Where do you suppose this youngster was headed fifty years ago? I’d say it was a mercy he had no idea where his little car would carry him just a year later…
It was the summer of ’72. That was a very intense summer. It was a summer of exciting and fleeting relationships. It was a summer of deep thoughts and tall mountains and hard work, strenuous physical labor. It was a summer long anticipated that took me completely by surprise. It ambushed me out of nowhere, yet not entirely without warning. The artist Roger Feldman warned me in no uncertain terms as he pointed out what a sheltered suburban life I’d been leading. Of course he was never specific and he needn’t be a prophet to see that life would soon be offering me new challenges. Most likely he’d used much the same language with any number of young men that summer as he led long strings of young people up and down the Canadian Rockies above the fjords of British Columbia. At the time I took the warning as seriously as any teenage kid would, but as it turned out, this warning was just specific enough to be at least a little spooky. Neither of us could’ve known what I would soon be facing.
It was a long hike down that mountain followed by an eight hour voyage back to Vancouver and then followed by an all night drive on to Seattle with my buddy the late Dave Jones at the wheel of Randy Couter’s old beater (that needed another quart of oil every few hundred miles). In the morning I sat at the kitchen table with Mom, Dad, sisters and brothers, all coming and going just as they had my whole life. I was fresh from a hot shower and sat going through my mail, feeling my tired, yet young, strong, hardened body radiating irrational confidence. The black rotary dial phone on the kitchen wall went off. Whoever it was that had been filling in for me while I was off on my mountain adventure had left a van full of newspaper bundles sitting out behind the office of the Eastside Journal. Those newspapers still needed to find all the eyeballs around town who waited impatiently to consume them. The next day was more of the same. Each day as full as the last with some physically demanding something or another, seemingly from dawn to dusk. And the next day and the next and the next more of the same. As each new challenge arose, for a whole long month, Roger’s warning would pop back into my sprawling adolescent mind promising bigger challenges yet to come as some force of the universe continued to toughen me up, mind and body.

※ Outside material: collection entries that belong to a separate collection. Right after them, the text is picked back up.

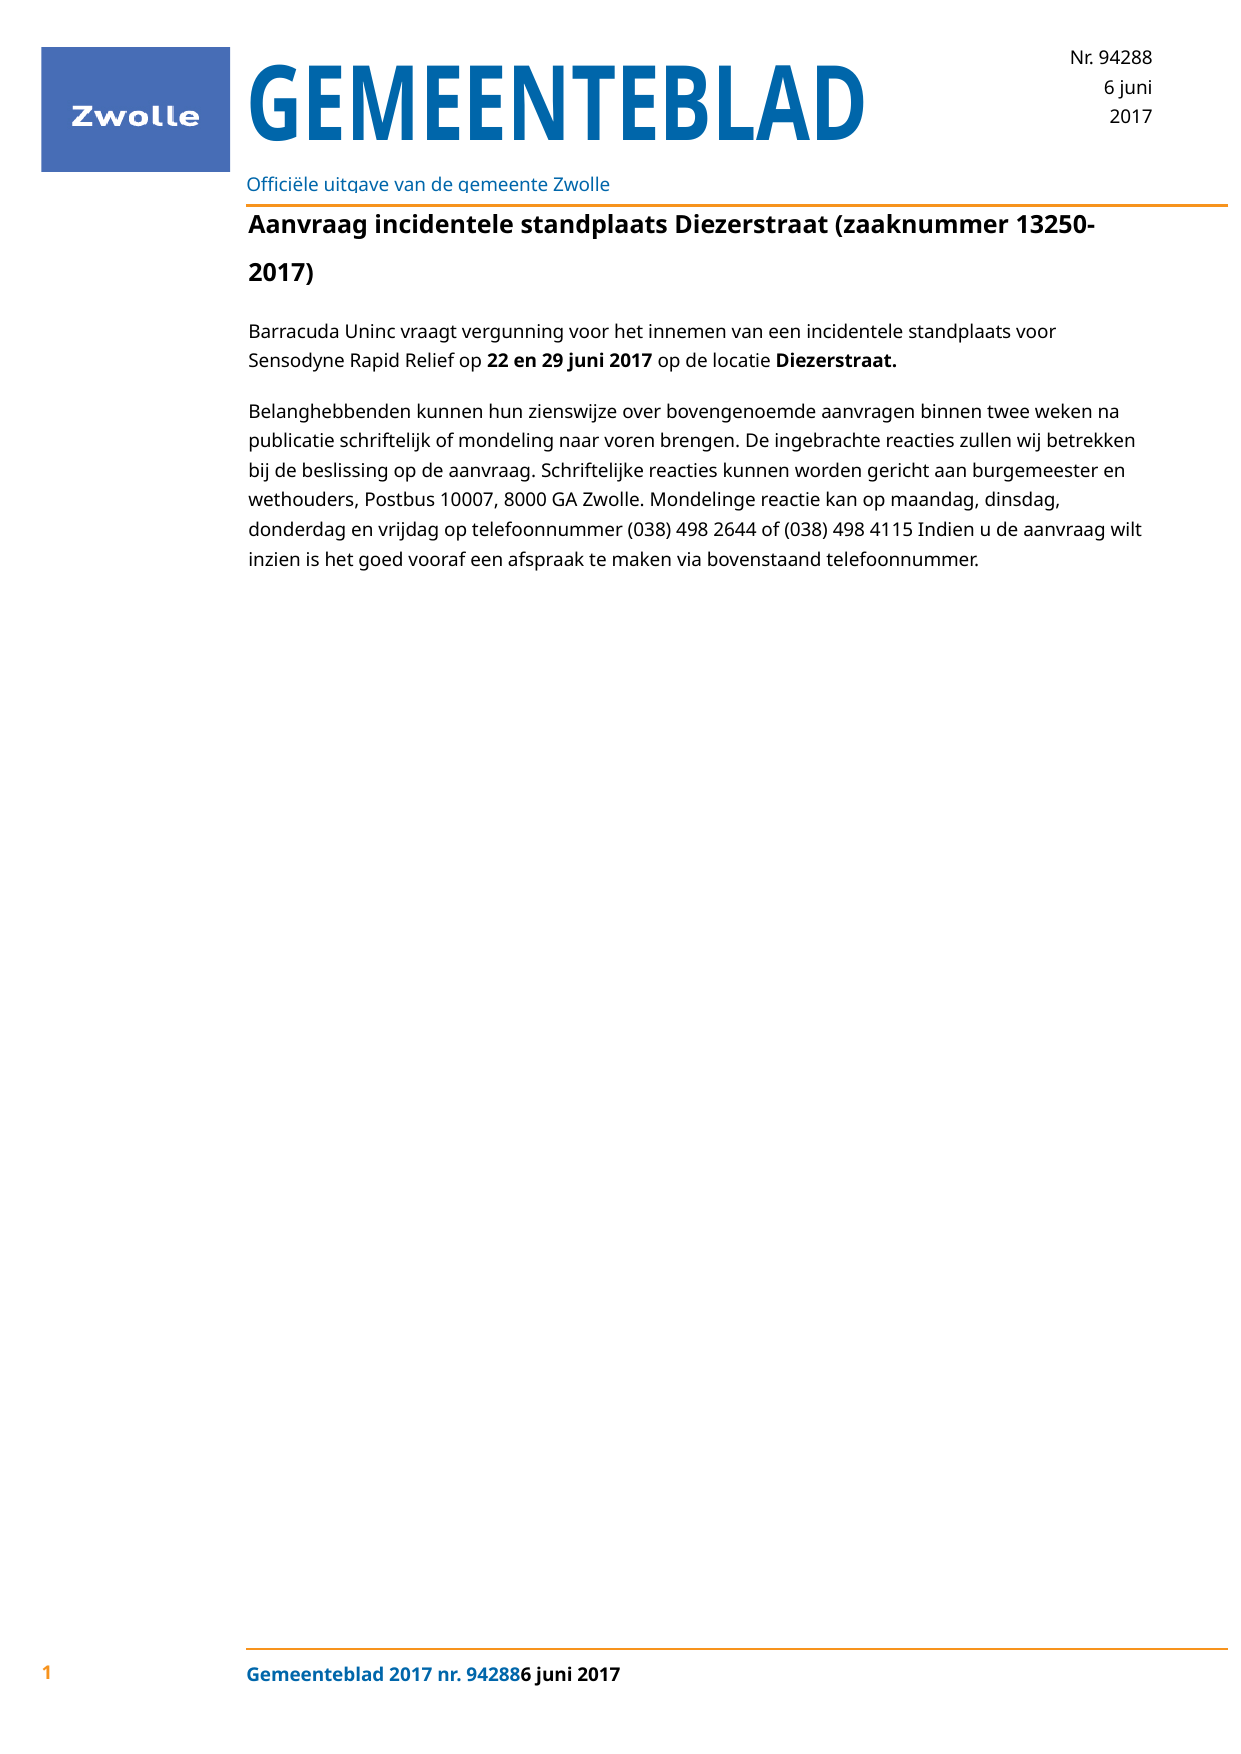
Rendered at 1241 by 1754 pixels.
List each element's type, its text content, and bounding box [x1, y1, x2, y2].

picture [41, 47, 231, 172]
text Aanvraag incidentele standplaats Diezerstraat (zaaknummer 13250-2017) [248, 207, 1152, 288]
text Belanghebbenden kunnen hun zienswijze over bovengenoemde aanvragen binnen twee weken na publicatie schriftelijk of mondeling naar voren brengen. De ingebrachte reacties zullen wij betrekken bij de beslissing op de aanvraag. Schriftelijke reacties kunnen worden gericht aan burgemeester en wethouders, Postbus 10007, 8000 GA Zwolle. Mondelinge reactie kan op maandag, dinsdag, donderdag en vrijdag op telefoonnummer (038) 498 2644 of (038) 498 4115 Indien u de aanvraag wilt inzien is het goed vooraf een afspraak te maken via bovenstaand telefoonnummer. [248, 398, 1152, 572]
text Barracuda Uninc vraagt vergunning voor het innemen van een incidentele standplaats voor Sensodyne Rapid Relief op 22 en 29 juni 2017 op de locatie Diezerstraat. [248, 318, 1152, 373]

Then one bright sunny August day I awoke to find the entire day sprawling out before me containing absolutely no obligations whatsoever. For that one whole day I could be the carefree kid once again. I hopped into my little red car and bounced off up the hill to the high school to engage that tough young mind and body in some of the vigorous touch football that had been going on up there all summer without me. An hour or so later I was crossing the field with the warm afternoon sun on my back and the sweet scent of cut grass in my nostrils. I tossed the ball in the air, snagging it again lightly as it fell. It was that easy motion of the kid at heart that had engaged males of any age or tongue, probably since we had learned that most anything might be flung into the air to some impressive, if not particularly useful, effect.
As the ball dropped lazily, once again, into my grip I spotted my sister Leanne walking hurriedly toward me from the parking lot. Even yet, after all these years, I’m always glad to see my sister, but that afternoon my smile quickly melted into something, I’m still not quite sure what, when I saw that she was crying. Once we came close enough she simply blurted out to me, as best she could, that Dad was dead.

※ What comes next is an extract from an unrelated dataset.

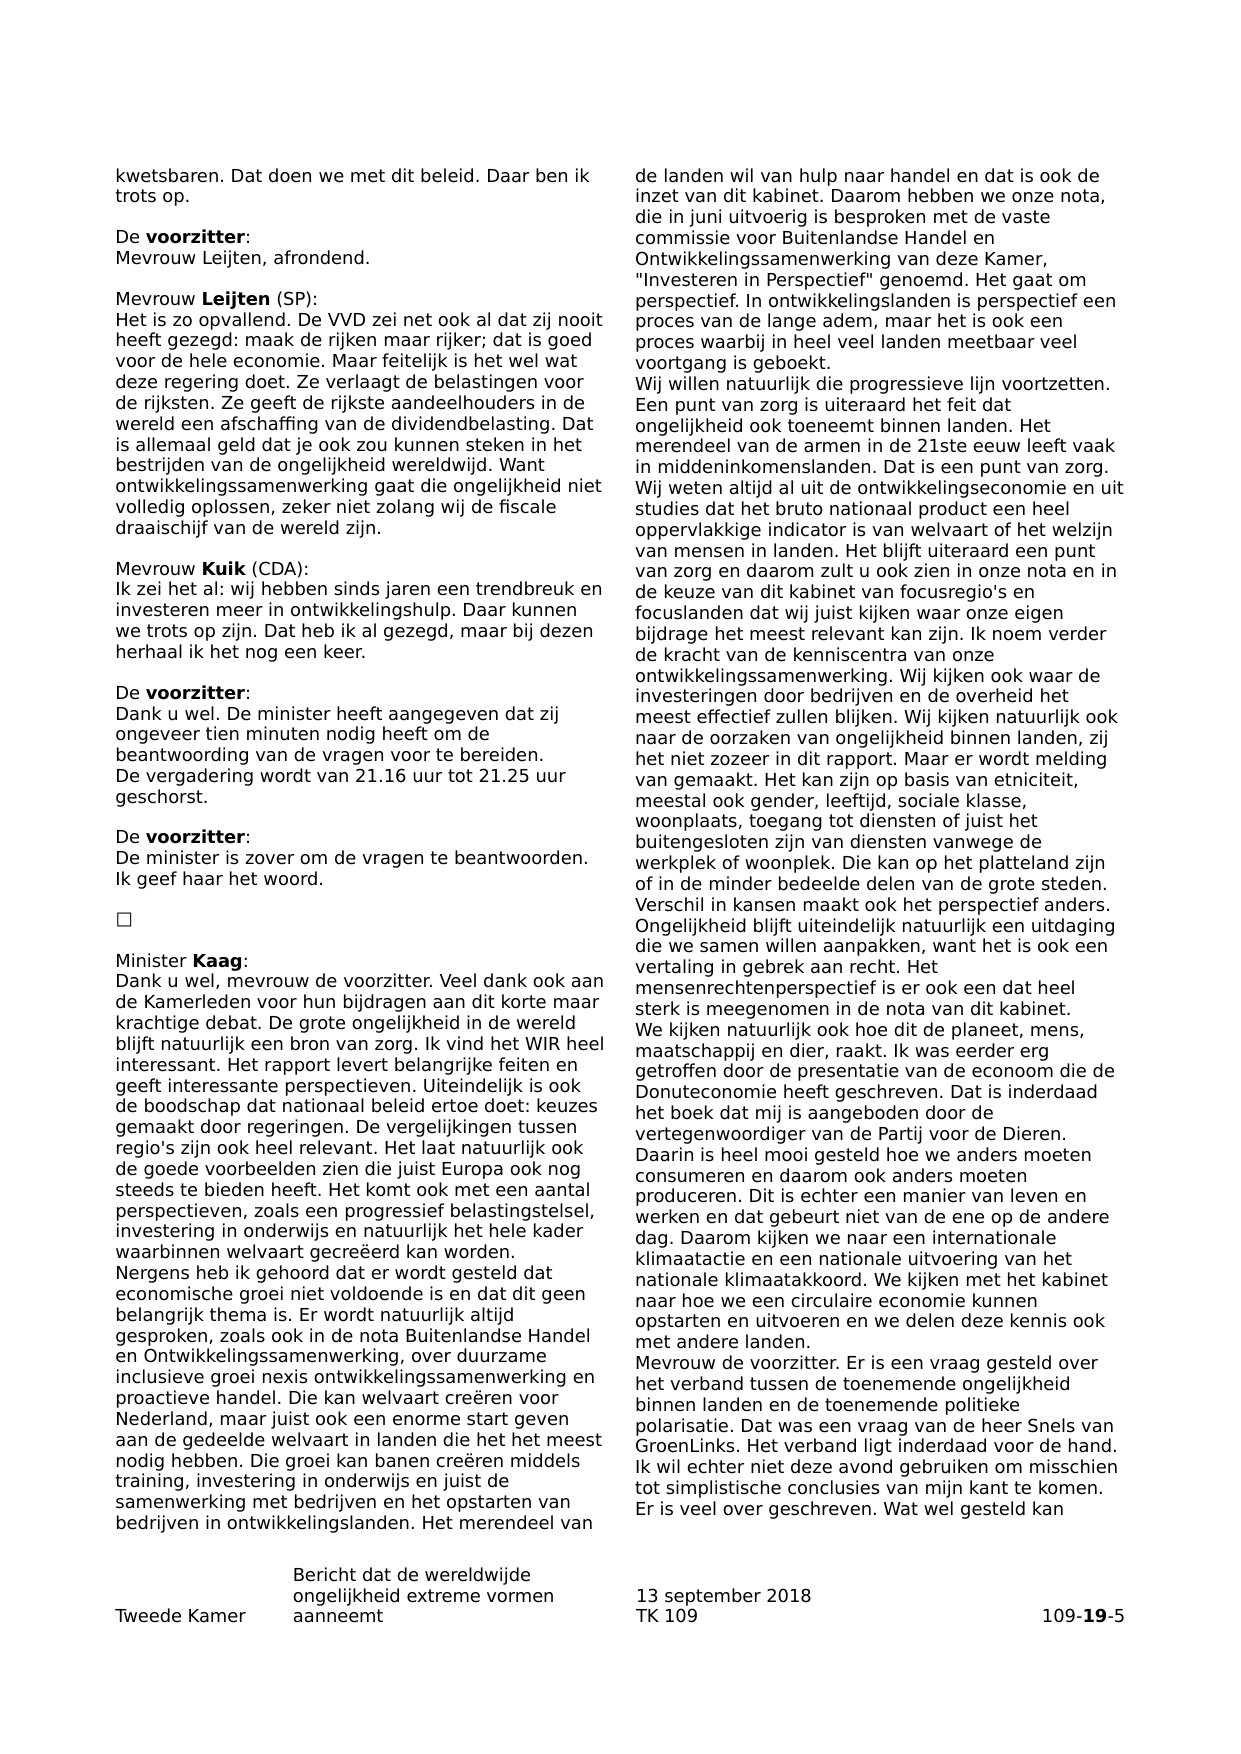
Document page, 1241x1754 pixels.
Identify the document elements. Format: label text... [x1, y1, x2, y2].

My young soul was suddenly draped in an adult face as I dropped the ball and wrapped an arm around Leanne as we made our way back to the parking lot. All I could think was, “This is it!” But of course I could hardly know what I was talking about. That carefree kid is still in there somewhere, though perhaps, in a decades old body, pretending at life somewhat more carefully since those days. I still had so much growing up yet to do, but those are stories for another day. Maybe these decades later I can at least begin to shed a tear, for myself, for my dad, maybe for a thousand of our tough Norwegian forbears.
I do have a strange little postscript, however. Reaching out to Roger this week I found out that he too had lost his father when Roger was about the age I was when we had that short conversation there on the mountainside in the summer of ’72. Maybe I’ll get to hear that story.